# Trying to Install Photoshop Elements 8



## HollyZiegler (Dec 2, 2009)

In trying to install Elements 8 the message comes up: The minimum system requirements listed below are needed to run Adobe Photoshop Elements 8 and are not met: This product does not support Power PC Architecture CPU"
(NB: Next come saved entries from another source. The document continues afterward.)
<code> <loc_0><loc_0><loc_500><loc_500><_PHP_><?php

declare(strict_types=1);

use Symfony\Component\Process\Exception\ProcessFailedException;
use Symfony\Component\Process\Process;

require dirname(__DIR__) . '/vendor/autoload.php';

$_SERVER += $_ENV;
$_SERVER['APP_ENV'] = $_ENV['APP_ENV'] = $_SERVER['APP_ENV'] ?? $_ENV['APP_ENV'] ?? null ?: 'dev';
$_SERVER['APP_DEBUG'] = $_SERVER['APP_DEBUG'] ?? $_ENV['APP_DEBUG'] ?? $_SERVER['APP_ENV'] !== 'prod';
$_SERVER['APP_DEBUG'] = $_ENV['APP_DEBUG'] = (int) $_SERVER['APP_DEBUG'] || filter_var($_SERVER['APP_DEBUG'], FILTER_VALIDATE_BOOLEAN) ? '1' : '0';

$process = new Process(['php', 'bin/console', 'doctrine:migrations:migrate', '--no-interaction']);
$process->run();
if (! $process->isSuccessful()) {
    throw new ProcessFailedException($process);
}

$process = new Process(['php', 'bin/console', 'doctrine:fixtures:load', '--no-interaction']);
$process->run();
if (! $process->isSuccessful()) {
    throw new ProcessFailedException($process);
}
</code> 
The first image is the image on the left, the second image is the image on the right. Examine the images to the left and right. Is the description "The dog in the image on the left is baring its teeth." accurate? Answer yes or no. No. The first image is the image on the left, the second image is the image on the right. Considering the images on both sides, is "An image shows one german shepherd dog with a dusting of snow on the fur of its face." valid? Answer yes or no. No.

I have a Mac PowerBook G4... Please Help. Thank you!:sigh:


----------



## sinclair_tm (Mar 11, 2005)

The G4 is a PowerPC CPU, and the message says that it doesn't support PowerPC CPUs. You will need to find a version of Elements that does support your Mac.


----------



## rroulsto (Dec 22, 2009)

I get the same message - using the version that is supposed to work on Macs with OS X version 10.5.8. Didn't see anything at the ADOBE web site that would have warned me of this prob.
Have you been able to resolve? I'm not clear on how a version of software supports my Mac - thought it worked the other way around. Any suggestions of what WOULD be supported?


----------



## sinclair_tm (Mar 11, 2005)

With Macs you have to match the OS X version, and the CPU type. OS X 10.5 will run on PowerPC CPUs and Intel CPUs, but PSE8 will only run in Intel CPUs. So, G4s and G5s will not run it. If you have one of those, then you need PSE6.


----------